» EXERCISE AIM: Among the entries that follow, find the lines containing the string "units" and copy them.
○ ○ ○
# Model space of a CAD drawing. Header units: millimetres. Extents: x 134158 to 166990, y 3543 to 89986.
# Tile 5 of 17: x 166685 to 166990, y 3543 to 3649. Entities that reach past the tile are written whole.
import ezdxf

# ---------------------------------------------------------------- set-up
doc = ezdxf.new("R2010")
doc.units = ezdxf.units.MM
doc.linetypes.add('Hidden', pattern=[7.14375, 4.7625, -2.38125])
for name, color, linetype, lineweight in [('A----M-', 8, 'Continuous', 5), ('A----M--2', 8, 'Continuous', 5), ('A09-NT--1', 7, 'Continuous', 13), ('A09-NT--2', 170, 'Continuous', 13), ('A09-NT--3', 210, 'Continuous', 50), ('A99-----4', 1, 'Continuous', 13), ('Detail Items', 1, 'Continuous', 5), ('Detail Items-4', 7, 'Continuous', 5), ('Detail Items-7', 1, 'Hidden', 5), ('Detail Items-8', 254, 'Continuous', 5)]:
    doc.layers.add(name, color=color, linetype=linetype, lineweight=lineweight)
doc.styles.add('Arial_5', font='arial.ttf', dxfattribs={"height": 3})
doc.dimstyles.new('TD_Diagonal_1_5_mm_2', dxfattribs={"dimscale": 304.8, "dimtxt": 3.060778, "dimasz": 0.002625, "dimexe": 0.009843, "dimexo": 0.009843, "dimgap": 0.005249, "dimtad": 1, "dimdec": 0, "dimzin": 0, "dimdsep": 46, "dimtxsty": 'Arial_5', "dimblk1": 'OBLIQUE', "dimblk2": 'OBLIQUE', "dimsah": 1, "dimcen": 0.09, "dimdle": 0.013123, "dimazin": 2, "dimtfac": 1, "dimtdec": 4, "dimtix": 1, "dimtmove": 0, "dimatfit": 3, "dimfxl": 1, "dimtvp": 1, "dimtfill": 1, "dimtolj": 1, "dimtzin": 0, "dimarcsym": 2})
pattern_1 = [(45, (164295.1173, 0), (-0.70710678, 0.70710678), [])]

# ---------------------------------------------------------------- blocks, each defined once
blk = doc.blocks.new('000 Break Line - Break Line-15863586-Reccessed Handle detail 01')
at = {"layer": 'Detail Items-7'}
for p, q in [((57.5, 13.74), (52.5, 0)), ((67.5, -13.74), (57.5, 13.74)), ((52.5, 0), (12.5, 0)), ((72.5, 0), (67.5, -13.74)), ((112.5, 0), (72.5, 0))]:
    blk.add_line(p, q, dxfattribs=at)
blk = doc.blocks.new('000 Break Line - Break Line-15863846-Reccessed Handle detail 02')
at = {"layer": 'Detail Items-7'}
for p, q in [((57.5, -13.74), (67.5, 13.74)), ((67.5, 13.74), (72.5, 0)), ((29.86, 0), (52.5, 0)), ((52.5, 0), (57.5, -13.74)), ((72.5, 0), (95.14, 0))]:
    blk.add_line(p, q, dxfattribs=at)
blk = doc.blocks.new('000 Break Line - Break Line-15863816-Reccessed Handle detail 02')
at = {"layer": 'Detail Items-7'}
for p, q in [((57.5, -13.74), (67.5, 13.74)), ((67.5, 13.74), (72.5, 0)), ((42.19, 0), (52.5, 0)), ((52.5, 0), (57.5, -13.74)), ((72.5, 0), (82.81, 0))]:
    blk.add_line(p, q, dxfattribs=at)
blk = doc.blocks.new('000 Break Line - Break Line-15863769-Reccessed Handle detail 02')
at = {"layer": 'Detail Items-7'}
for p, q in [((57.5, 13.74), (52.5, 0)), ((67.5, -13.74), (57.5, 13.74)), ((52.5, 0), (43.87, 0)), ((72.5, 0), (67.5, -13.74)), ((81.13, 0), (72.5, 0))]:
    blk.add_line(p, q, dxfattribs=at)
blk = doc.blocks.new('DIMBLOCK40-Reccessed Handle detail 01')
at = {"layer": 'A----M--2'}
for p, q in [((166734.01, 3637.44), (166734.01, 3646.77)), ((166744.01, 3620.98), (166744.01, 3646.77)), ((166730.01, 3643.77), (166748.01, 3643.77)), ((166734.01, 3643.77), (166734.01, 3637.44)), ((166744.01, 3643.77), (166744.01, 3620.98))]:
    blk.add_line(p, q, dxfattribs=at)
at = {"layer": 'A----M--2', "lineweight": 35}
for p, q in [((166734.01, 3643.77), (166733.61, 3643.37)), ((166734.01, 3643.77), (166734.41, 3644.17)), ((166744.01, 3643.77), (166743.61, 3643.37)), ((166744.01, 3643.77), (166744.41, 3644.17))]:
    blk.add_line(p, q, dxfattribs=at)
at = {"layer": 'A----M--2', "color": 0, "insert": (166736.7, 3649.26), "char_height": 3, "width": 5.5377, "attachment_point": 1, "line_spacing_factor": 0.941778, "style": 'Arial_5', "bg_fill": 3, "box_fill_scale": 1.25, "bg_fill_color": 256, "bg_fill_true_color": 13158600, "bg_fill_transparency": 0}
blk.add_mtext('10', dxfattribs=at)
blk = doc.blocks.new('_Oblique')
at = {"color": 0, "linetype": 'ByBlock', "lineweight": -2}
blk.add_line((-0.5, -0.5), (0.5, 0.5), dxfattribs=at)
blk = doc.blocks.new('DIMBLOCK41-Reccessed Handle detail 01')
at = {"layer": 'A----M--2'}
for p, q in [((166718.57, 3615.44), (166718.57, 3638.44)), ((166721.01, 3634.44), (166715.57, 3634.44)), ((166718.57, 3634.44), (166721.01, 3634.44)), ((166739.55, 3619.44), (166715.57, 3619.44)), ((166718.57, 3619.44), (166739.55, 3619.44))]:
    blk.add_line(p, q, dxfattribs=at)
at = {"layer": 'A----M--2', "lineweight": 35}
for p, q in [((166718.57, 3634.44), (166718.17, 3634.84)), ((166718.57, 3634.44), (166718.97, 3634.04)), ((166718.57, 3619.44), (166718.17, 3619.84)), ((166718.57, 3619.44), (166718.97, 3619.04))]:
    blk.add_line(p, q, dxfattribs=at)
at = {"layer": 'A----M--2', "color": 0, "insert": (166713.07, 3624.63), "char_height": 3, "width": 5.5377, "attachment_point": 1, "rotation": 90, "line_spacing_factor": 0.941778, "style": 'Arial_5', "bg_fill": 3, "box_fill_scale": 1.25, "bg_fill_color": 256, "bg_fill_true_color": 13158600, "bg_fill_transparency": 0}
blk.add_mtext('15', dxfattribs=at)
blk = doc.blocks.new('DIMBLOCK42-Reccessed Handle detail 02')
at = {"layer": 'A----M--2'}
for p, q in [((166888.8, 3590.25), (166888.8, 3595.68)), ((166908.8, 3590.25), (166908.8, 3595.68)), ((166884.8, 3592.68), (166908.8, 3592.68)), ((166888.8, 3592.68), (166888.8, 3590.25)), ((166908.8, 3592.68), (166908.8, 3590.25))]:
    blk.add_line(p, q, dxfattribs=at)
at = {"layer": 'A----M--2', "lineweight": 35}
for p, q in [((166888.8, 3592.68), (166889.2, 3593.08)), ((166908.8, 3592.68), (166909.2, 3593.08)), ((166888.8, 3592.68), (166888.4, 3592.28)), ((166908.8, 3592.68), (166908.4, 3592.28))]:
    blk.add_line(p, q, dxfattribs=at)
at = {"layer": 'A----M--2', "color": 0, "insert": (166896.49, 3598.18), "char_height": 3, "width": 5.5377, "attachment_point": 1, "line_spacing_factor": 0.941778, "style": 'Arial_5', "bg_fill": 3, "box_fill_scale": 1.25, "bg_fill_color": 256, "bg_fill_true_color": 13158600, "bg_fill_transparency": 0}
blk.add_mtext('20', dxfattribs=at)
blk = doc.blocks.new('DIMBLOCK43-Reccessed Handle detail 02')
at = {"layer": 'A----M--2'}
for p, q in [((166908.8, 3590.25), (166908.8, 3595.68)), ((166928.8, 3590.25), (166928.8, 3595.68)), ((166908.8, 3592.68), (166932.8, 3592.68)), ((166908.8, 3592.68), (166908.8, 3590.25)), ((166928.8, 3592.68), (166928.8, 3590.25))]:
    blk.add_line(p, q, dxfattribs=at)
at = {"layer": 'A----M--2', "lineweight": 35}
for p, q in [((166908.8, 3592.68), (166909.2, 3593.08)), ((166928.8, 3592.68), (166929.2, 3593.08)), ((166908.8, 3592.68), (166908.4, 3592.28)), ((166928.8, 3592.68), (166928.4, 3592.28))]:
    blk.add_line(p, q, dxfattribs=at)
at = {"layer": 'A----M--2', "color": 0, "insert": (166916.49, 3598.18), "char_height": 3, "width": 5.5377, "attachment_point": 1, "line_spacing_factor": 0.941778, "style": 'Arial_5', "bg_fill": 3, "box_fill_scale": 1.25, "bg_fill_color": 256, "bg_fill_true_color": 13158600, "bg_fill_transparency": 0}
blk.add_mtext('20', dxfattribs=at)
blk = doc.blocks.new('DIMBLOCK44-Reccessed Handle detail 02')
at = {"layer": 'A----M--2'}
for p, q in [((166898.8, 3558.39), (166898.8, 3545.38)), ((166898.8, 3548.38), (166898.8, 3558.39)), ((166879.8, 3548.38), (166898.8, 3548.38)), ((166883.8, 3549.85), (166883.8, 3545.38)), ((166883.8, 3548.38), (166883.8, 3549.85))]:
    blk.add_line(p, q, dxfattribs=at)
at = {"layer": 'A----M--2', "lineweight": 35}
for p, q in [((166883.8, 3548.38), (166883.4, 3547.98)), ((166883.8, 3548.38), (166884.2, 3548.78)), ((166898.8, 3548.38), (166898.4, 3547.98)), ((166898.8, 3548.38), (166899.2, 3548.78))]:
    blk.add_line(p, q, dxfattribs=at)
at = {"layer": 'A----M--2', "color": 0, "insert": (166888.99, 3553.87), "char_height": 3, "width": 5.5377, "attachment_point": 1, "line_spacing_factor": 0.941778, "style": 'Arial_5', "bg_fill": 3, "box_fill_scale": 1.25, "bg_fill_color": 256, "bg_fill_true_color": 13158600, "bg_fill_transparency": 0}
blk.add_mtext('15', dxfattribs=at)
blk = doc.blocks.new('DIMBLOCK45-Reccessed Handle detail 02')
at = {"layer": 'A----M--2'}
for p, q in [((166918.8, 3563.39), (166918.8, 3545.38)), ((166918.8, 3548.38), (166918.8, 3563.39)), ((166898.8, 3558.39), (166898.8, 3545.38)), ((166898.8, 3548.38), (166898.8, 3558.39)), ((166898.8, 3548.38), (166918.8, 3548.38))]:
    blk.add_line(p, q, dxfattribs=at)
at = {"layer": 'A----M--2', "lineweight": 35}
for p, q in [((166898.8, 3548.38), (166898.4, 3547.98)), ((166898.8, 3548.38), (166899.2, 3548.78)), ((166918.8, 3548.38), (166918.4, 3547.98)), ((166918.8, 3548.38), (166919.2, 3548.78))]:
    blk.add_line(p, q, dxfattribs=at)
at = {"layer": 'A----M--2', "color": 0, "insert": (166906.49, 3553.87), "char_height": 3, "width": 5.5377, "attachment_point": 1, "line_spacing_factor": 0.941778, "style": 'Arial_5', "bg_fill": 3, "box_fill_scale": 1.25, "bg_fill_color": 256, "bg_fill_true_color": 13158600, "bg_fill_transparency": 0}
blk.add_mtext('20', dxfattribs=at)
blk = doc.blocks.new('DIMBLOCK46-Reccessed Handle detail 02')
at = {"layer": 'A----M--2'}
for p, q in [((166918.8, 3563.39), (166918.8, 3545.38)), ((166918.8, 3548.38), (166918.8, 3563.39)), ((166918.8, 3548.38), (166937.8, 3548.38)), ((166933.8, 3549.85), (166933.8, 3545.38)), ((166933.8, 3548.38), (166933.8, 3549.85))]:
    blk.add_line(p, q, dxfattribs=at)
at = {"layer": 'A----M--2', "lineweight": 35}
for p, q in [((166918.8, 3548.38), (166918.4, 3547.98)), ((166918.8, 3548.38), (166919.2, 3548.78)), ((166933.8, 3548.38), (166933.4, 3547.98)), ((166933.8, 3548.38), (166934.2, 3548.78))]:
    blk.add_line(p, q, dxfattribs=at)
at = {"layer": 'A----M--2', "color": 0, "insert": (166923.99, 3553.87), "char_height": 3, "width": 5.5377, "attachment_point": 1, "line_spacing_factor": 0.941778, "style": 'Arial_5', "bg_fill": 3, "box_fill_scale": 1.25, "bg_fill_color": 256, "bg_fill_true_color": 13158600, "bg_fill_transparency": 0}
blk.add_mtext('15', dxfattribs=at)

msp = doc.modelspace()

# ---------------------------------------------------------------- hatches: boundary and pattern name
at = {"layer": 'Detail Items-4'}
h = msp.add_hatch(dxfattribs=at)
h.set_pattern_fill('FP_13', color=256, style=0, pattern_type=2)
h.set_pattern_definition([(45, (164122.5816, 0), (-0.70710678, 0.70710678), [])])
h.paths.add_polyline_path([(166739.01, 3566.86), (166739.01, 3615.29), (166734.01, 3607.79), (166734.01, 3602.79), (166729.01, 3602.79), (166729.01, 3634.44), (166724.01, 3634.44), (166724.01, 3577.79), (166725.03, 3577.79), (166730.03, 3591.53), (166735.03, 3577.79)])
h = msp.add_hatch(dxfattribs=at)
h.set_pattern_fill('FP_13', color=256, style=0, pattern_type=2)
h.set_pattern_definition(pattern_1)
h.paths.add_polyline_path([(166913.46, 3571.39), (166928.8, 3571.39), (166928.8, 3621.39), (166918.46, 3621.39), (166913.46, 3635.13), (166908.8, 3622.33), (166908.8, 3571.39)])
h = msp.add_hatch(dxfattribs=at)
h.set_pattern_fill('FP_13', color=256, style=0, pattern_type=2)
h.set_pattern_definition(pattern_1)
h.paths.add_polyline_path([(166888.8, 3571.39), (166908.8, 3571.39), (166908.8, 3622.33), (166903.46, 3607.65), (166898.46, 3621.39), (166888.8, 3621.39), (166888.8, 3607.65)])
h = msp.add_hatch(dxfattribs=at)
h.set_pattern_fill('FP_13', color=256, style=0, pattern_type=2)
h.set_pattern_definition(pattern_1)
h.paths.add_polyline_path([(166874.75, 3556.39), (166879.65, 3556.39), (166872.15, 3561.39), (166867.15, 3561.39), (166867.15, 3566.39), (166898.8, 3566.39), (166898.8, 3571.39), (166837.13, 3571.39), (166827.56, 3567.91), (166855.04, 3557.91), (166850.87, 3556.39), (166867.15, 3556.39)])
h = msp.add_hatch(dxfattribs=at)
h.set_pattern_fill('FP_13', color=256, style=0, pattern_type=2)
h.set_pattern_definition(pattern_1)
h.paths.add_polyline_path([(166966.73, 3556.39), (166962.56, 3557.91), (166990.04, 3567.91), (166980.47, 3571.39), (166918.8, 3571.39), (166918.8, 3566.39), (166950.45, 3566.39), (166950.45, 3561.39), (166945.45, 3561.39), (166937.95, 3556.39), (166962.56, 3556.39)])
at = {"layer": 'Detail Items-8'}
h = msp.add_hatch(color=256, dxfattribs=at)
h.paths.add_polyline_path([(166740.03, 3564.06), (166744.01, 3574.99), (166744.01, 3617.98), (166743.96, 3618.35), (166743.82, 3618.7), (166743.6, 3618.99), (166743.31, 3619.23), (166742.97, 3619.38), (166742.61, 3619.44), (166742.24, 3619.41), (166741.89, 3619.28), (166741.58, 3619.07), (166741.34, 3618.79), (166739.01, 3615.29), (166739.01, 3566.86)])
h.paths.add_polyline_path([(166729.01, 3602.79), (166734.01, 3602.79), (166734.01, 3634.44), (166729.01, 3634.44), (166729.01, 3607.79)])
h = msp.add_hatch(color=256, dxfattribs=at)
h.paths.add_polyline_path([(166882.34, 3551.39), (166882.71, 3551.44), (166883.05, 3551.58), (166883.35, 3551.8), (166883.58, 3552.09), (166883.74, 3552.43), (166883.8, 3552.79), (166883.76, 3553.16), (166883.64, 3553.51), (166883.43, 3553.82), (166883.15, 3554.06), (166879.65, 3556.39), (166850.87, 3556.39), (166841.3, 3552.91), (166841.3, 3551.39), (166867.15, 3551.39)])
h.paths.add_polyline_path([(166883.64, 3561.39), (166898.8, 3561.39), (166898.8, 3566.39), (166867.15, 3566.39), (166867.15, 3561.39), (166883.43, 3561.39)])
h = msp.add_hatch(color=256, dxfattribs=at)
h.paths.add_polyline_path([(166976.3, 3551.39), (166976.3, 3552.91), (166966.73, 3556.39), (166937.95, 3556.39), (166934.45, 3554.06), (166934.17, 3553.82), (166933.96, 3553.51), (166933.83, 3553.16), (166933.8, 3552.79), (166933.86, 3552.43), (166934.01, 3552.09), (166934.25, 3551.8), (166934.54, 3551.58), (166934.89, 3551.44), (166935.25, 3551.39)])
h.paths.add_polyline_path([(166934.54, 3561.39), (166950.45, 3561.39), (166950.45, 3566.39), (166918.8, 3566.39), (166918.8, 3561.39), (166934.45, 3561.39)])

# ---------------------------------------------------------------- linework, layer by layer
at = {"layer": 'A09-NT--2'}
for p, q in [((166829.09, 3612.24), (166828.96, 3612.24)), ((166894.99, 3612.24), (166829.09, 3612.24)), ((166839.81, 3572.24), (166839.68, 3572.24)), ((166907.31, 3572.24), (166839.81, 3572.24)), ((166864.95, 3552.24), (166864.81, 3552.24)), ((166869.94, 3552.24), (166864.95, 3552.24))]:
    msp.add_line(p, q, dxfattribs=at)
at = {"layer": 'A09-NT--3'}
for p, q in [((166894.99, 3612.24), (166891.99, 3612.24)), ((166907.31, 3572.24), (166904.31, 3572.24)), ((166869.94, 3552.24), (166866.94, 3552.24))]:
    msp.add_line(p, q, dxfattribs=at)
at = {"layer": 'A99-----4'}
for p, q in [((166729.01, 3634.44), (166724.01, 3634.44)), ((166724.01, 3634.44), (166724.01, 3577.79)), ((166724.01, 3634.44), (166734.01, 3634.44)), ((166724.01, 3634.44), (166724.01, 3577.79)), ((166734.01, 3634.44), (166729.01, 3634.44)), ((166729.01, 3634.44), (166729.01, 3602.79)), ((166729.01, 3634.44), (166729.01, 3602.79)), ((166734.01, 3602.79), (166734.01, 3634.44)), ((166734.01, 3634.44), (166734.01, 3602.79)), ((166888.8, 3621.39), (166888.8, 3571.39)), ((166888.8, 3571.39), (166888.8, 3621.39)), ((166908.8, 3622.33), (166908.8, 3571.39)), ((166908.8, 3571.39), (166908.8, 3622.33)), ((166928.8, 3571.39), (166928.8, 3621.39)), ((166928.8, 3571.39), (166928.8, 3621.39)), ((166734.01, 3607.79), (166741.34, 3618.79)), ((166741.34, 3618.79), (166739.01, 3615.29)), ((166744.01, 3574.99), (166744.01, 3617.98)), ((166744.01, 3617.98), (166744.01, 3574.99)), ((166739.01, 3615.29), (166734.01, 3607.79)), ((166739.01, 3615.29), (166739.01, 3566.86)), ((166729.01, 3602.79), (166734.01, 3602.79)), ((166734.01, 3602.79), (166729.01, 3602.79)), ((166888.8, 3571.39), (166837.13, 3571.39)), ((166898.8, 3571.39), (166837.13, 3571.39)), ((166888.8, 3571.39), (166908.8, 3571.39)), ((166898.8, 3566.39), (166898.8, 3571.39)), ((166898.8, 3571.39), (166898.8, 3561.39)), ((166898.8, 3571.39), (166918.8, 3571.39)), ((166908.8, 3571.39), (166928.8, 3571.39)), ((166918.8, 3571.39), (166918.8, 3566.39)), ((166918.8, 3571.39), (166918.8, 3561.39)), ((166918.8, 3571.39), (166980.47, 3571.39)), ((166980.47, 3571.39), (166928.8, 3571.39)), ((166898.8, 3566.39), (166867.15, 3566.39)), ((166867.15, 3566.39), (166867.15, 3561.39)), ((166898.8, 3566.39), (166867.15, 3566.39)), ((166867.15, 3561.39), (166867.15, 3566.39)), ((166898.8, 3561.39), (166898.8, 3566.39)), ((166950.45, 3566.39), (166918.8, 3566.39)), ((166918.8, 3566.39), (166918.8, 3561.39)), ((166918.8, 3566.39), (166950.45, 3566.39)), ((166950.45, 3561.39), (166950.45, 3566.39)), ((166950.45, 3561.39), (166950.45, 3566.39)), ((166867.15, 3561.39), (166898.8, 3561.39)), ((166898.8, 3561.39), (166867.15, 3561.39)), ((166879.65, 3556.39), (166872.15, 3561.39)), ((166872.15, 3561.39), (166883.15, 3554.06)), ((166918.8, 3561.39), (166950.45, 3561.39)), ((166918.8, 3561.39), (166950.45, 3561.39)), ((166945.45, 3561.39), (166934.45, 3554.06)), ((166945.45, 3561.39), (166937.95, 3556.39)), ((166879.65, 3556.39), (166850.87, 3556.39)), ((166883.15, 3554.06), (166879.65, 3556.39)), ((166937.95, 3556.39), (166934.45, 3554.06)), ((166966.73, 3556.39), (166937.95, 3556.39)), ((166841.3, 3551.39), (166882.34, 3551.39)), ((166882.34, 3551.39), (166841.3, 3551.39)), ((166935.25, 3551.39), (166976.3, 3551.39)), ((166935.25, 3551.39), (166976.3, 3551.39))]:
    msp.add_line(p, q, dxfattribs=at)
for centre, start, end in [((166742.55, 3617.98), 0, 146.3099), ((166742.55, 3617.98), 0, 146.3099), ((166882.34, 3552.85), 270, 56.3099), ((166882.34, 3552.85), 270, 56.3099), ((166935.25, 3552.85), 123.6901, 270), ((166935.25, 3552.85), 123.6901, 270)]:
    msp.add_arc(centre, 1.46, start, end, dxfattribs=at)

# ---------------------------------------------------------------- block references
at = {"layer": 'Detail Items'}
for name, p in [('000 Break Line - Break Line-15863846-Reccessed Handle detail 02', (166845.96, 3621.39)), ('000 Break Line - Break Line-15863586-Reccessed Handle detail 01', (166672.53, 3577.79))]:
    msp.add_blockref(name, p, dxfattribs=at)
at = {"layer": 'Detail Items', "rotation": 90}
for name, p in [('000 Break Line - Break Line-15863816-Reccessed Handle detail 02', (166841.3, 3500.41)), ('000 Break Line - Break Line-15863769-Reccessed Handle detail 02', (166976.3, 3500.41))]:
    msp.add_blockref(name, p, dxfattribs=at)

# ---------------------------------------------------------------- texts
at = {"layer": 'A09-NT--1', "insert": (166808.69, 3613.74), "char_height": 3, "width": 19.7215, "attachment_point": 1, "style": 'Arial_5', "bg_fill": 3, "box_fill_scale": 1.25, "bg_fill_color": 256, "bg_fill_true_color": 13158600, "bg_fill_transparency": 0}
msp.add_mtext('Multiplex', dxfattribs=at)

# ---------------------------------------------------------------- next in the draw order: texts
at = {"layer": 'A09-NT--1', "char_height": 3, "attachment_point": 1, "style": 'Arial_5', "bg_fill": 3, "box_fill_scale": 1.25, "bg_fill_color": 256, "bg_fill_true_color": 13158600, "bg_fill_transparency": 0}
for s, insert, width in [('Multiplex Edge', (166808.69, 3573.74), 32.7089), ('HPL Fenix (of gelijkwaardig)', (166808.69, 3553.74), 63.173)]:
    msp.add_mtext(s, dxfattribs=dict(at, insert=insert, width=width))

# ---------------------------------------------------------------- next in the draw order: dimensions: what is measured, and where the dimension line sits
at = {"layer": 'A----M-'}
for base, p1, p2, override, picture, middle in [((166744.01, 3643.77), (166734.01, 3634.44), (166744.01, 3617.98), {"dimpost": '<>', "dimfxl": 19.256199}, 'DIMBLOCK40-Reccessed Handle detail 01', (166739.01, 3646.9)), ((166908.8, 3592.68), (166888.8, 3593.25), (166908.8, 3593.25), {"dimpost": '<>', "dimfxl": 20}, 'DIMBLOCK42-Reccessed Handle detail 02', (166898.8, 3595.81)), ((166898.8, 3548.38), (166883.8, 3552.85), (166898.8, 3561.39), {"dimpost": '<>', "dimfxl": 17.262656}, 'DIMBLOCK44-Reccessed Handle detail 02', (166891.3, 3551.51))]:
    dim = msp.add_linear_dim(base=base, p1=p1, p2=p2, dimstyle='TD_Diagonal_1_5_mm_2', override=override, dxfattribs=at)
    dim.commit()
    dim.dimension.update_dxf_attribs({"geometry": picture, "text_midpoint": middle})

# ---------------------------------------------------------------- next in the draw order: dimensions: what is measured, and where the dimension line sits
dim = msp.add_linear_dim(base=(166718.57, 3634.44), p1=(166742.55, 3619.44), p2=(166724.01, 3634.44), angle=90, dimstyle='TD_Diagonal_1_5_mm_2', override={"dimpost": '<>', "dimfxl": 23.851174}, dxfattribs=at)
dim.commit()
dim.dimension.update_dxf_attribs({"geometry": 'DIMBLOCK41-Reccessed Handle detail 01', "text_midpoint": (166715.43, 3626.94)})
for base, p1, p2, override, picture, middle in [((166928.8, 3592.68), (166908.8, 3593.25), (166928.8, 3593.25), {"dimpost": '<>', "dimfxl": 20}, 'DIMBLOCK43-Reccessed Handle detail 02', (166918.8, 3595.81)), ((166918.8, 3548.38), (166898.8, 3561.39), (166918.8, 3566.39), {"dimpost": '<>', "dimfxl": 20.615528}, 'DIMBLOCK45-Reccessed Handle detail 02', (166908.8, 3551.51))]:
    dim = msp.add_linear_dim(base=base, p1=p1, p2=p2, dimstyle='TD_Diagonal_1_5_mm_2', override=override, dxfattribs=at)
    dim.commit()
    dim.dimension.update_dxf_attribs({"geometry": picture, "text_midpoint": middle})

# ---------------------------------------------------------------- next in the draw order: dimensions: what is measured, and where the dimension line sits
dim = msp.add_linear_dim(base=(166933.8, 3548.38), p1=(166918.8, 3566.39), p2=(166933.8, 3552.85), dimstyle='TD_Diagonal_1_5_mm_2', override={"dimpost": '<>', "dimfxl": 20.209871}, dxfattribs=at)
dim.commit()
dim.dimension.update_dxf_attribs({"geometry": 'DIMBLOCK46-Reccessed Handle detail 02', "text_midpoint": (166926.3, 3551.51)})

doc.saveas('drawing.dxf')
○ ○ ○
» SOLUTION TO THE PROBLEM:
# Model space of a CAD drawing. Header units: millimetres. Extents: x 134158 to 166990, y 3543 to 89986.
doc.units = ezdxf.units.MM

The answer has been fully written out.